Wednesday, March 30, 2005

Saginaw Poetry Reading

On Sunday, April 10th, Al Hellus, Skip Renker, myself, and others will be reading poetry at the Anderson Enrichment Center in Saginaw. I believe there will be five poets total. The event will begin around 7:00 p.m. There is a cost of three dollars, but that money will go towards paying the rental cost of the center.

After the reading, the poets will have books for sale.

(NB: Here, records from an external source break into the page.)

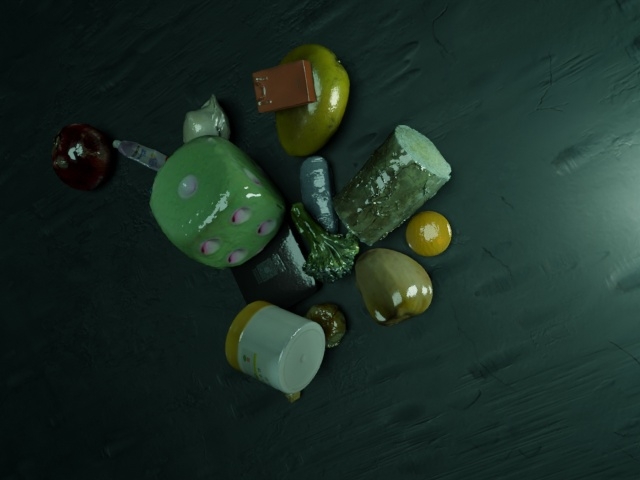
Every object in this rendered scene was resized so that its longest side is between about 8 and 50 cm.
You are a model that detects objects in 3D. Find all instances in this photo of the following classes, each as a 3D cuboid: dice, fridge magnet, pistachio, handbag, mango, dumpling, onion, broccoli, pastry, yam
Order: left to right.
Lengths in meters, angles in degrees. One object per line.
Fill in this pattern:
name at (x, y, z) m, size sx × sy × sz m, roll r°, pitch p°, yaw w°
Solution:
onion at (-0.954, -0.322, 2.160) m, size 0.272 × 0.195 × 0.272 m, roll 4°, pitch 102°, yaw 21°
dumpling at (-0.429, -0.395, 1.985) m, size 0.243 × 0.175 × 0.227 m, roll -37°, pitch 47°, yaw 4°
dice at (-0.326, -0.121, 1.813) m, size 0.322 × 0.330 × 0.318 m, roll -44°, pitch 60°, yaw 12°
handbag at (-0.116, -0.472, 1.719) m, size 0.190 × 0.063 × 0.127 m, roll -4°, pitch 98°, yaw 28°
mango at (-0.042, -0.450, 1.807) m, size 0.253 × 0.182 × 0.365 m, roll 17°, pitch 96°, yaw 21°
pastry at (0.014, 0.279, 1.846) m, size 0.153 × 0.081 × 0.153 m, roll -1°, pitch 88°, yaw 29°
broccoli at (0.017, 0.002, 1.755) m, size 0.198 × 0.177 × 0.275 m, roll -7°, pitch 108°, yaw 33°
yam at (0.208, -0.163, 1.692) m, size 0.348 × 0.241 × 0.241 m, roll -46°, pitch 75°, yaw 19°
pistachio at (0.221, 0.130, 1.731) m, size 0.212 × 0.163 × 0.260 m, roll -28°, pitch 66°, yaw -1°
fridge magnet at (0.335, -0.021, 1.728) m, size 0.143 × 0.063 × 0.143 m, roll 1°, pitch 92°, yaw 23°

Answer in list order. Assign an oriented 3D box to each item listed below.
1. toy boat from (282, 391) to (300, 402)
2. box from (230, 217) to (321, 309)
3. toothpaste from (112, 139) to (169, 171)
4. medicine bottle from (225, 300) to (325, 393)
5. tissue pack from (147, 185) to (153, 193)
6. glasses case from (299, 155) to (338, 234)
toy boat at (-0.139, 0.461, 1.921) m, size 0.072 × 0.064 × 0.206 m, roll -46°, pitch 71°, yaw 35°
box at (-0.166, 0.098, 1.920) m, size 0.289 × 0.073 × 0.290 m, roll -30°, pitch 80°, yaw 19°
toothpaste at (-0.670, -0.321, 2.128) m, size 0.301 × 0.048 × 0.075 m, roll 23°, pitch 95°, yaw 17°
medicine bottle at (-0.141, 0.335, 1.762) m, size 0.232 × 0.238 × 0.238 m, roll 17°, pitch 97°, yaw 34°
tissue pack at (-0.594, -0.151, 2.110) m, size 0.085 × 0.028 × 0.138 m, roll -24°, pitch 87°, yaw 23°
glasses case at (-0.006, -0.141, 1.858) m, size 0.109 × 0.067 × 0.282 m, roll -7°, pitch 91°, yaw 20°
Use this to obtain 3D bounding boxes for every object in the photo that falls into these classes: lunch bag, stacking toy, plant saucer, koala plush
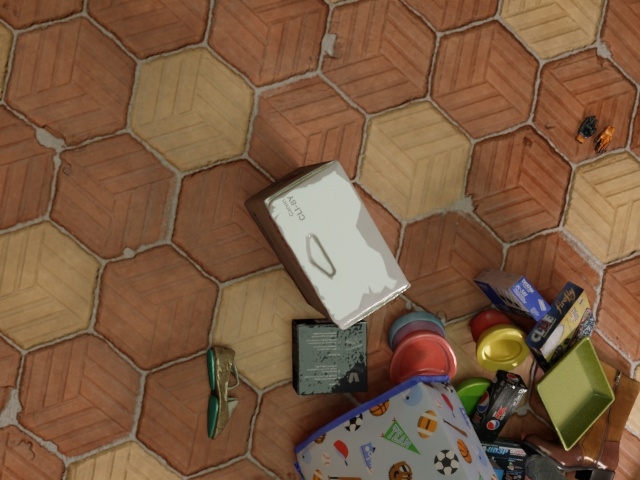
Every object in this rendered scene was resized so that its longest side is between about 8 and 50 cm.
[{"bbox_3d":[0.151,0.502,1.645,0.386,0.239,0.327,-34,65,20],"label":"lunch bag"},{"bbox_3d":[0.295,0.281,1.811,0.309,0.130,0.279,1,119,-8],"label":"stacking toy"},{"bbox_3d":[0.555,0.335,1.757,0.188,0.045,0.188,-37,111,-25],"label":"plant saucer"},{"bbox_3d":[0.475,0.624,1.740,0.203,0.221,0.196,40,61,19],"label":"koala plush"}]

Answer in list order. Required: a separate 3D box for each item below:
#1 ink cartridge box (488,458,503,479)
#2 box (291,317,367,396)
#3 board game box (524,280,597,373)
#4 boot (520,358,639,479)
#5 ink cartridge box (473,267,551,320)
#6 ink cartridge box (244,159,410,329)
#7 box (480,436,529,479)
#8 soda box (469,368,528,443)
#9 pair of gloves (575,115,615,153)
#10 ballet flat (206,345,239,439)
[{"bbox_3d":[0.305,0.583,1.760,0.148,0.086,0.203,13,91,-10],"label":"ink cartridge box"},{"bbox_3d":[0.018,0.253,1.739,0.156,0.093,0.158,-1,92,-10],"label":"box"},{"bbox_3d":[0.546,0.210,1.776,0.165,0.042,0.243,-51,144,-7],"label":"board game box"},{"bbox_3d":[0.611,0.406,1.832,0.264,0.096,0.280,24,78,-10],"label":"boot"},{"bbox_3d":[0.420,0.116,1.745,0.046,0.207,0.097,-43,99,-6],"label":"ink cartridge box"},{"bbox_3d":[0.000,0.000,1.573,0.160,0.385,0.279,-32,98,-7],"label":"ink cartridge box"},{"bbox_3d":[0.367,0.541,1.838,0.220,0.051,0.175,10,91,-10],"label":"box"},{"bbox_3d":[0.393,0.373,1.769,0.060,0.053,0.168,17,115,-16],"label":"soda box"},{"bbox_3d":[0.650,-0.250,1.868,0.083,0.010,0.074,29,89,-8],"label":"pair of gloves"},{"bbox_3d":[-0.210,0.331,1.717,0.067,0.073,0.206,-1,97,-25],"label":"ballet flat"}]
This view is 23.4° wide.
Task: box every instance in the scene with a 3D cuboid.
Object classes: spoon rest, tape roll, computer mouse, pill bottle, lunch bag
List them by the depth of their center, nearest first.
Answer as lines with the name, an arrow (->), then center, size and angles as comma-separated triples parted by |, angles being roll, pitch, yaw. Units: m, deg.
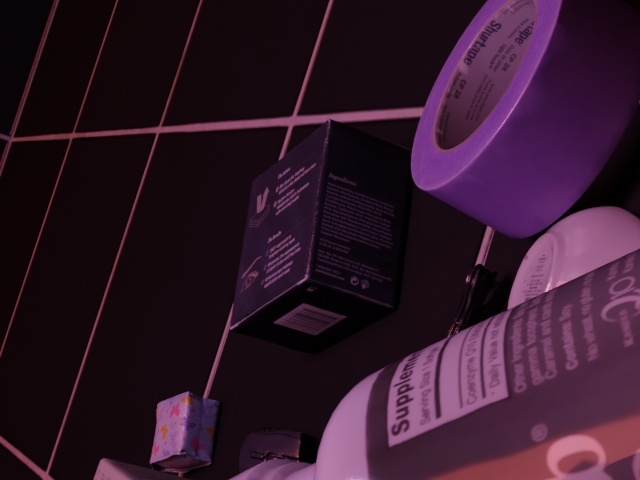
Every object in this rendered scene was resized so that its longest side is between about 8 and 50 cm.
pill bottle -> 0.129, 0.124, 0.674 | 0.363, 0.210, 0.210 | -27, 41, 20
spoon rest -> 0.188, 0.042, 0.973 | 0.276, 0.084, 0.137 | -179, 108, -80
computer mouse -> 0.107, 0.102, 1.098 | 0.106, 0.042, 0.193 | -60, 16, 22
tape roll -> 0.148, -0.102, 1.109 | 0.189, 0.080, 0.189 | -55, 18, 27
computer mouse -> -0.019, 0.196, 1.343 | 0.242, 0.041, 0.071 | -13, 60, 63
lunch bag -> -0.145, 0.202, 1.612 | 0.083, 0.053, 0.071 | -25, 52, 48

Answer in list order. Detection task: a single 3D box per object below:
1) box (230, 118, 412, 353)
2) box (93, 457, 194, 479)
box -> 0.000, 0.000, 1.388 | 0.156, 0.093, 0.158 | -34, 43, 56
box -> -0.115, 0.286, 1.349 | 0.232, 0.148, 0.127 | 10, 81, 68

I hope to see you there. Should be a fun night. Al Hellus is a character!

Monday, March 28, 2005

Some writers to read

I wanted to take some space on this site to plug some short story writers worth reading. They are great, and each has books available on Amazon. The men: Ron Carlson, Pete Fromm, and Italo Calvino. The women: Rachael Perry, Bonnie Jo Campbell, and Lolita Hernandez. Buy their books. Support short fiction.

Sunday, March 20, 2005

Publishing Advice

This really isn't advice about publishing, so much as it is a story about how my first chapbook of poetry, Transient, came about. Just after graduate school, I started writing quite a few poems about driving. I don't know, maybe it's because I was a part-time college instructor driving 500 miles a week between three different Michigan colleges. After about three years, I realized that I had about 30 poems dealing with driving -- the perfect size for a chapbook. As I went through my records, I noticed that six of the driving poems had been published in Parting Gifts magazine. With a little more research, I discovered that Parting Gifts was just one product of a bigger operation called March Street Press, all of which was under one editor. I contacted the editor of March Street, thanked him for his interest in my driving poems, and let him know that I had a complete chapbook manuscript of poems about driving. Long story short, I sent him the manuscript, and a few weeks later I was looking at a galley proof.

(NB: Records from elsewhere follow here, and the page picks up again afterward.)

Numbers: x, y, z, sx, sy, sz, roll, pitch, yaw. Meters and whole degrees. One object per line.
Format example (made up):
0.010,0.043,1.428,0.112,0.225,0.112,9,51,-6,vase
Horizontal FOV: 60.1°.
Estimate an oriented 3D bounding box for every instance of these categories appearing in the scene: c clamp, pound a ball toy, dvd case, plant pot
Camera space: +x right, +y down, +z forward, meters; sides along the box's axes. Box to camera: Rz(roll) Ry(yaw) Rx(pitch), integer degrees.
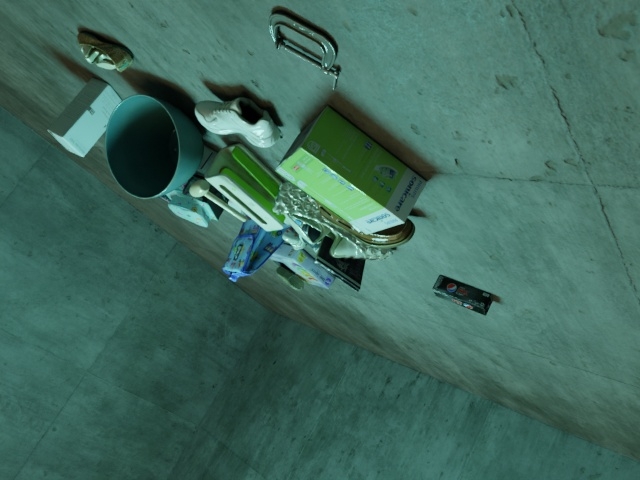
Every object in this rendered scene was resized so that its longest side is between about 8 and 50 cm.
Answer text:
-0.030,-0.350,1.024,0.160,0.022,0.137,31,164,-3,c clamp
-0.245,-0.137,1.675,0.135,0.208,0.319,-5,143,46,pound a ball toy
0.069,0.051,1.752,0.164,0.221,0.018,35,121,-11,dvd case
-0.463,-0.278,1.645,0.290,0.290,0.195,24,-161,23,plant pot

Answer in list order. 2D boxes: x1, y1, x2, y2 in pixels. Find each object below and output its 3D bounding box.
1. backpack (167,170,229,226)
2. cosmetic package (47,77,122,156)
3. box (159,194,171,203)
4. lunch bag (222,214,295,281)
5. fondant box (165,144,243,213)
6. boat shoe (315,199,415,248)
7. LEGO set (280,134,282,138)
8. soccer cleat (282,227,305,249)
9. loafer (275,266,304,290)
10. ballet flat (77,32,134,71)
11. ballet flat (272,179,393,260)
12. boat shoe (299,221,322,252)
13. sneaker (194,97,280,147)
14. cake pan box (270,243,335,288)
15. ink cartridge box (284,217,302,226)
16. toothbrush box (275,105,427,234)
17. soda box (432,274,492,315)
-0.414,-0.139,1.786,0.188,0.144,0.166,29,167,14,backpack
-0.755,-0.399,1.795,0.085,0.231,0.117,24,163,22,cosmetic package
-0.494,-0.186,2.086,0.233,0.159,0.044,31,164,-1,box
-0.242,0.025,2.018,0.138,0.293,0.221,38,162,-24,lunch bag
-0.388,-0.229,1.889,0.330,0.096,0.238,32,163,0,fondant box
0.103,-0.065,1.467,0.307,0.111,0.104,17,160,40,boat shoe
-0.134,-0.279,1.430,0.083,0.024,0.054,13,161,14,LEGO set
-0.080,0.000,1.921,0.068,0.076,0.196,28,-167,17,soccer cleat
-0.133,0.170,2.452,0.148,0.056,0.050,39,167,11,loafer
-0.598,-0.506,1.494,0.206,0.067,0.073,24,162,25,ballet flat
0.028,-0.027,1.678,0.408,0.147,0.147,34,164,-12,ballet flat
0.000,0.000,1.870,0.079,0.095,0.254,24,164,27,boat shoe
-0.210,-0.316,1.361,0.232,0.090,0.115,17,154,14,sneaker
-0.101,0.103,2.404,0.266,0.070,0.246,12,153,51,cake pan box
-0.100,-0.087,1.868,0.122,0.052,0.088,26,163,12,ink cartridge box
0.064,-0.148,1.272,0.283,0.122,0.206,35,163,-12,toothbrush box
0.427,0.164,1.665,0.168,0.053,0.060,22,162,31,soda box
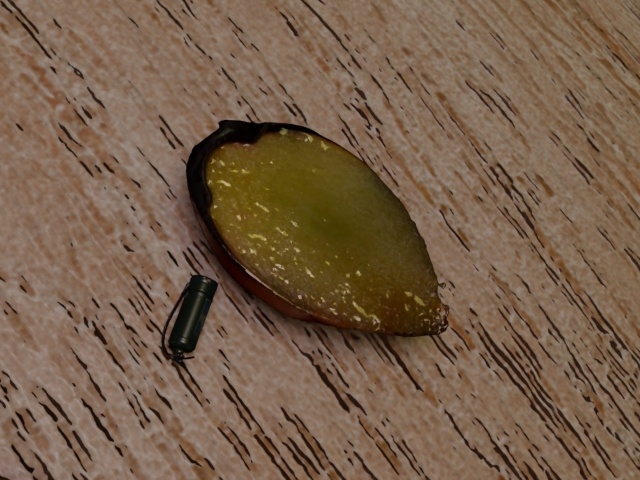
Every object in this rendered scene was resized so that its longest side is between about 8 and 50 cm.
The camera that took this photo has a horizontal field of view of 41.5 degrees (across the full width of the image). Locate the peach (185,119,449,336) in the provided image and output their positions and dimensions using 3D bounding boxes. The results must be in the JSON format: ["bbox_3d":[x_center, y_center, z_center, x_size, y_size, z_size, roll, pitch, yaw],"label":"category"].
[{"bbox_3d":[-0.002,0.001,0.781,0.279,0.068,0.189,43,56,1],"label":"peach"}]

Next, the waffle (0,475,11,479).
[{"bbox_3d":[-0.286,0.257,0.578,0.328,0.098,0.224,29,67,-7],"label":"waffle"}]

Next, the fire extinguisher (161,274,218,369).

What's the point? Well, if you have a chapbook manuscript, it's in your best interest to send individual poems from the manuscript out to magazines. Most presses won't read a manuscript if at least a few of the poems haven't been previously published. It's probably also in your best interest to send your work to magazines that are in some way attached to a small press. If they take a few of your poems, you know in advance that they like your work, so you can then use that connection to try to work out a chapbook deal. Though it wasn't necessarily my plan going in, it ended up working for me.

If you are going to send to a small press, it also behooves you to buy a few books from the press. Not to butter them up, because most of these editors can't be buttered, but instead to help financially support them. The small presses are publishing the work that people will be reading fifty years from now. In fact, you can order a book from March Street's catalog by clicking
  • here.
  • Monday, March 07, 2005

    Upcoming Reading

    On Monday, March 28th, Michigan poet and writer Lolita Hernandez will be reading from her work at the Delta College Planetarium at 6:30 p.m. in downtown Bay City. Her latest book of short stories, Autopsy of an Engine(Coffe House Press), follows the lives of UAW workers as they live through the closing of the Clark Street Cadillac plant in Detroit. Her book is available on Amazon, and she will also sell and sign copies after her reading. I read with Lolita in Lansing back in October. Believe me, this is a reading that you don't want to miss. She's great!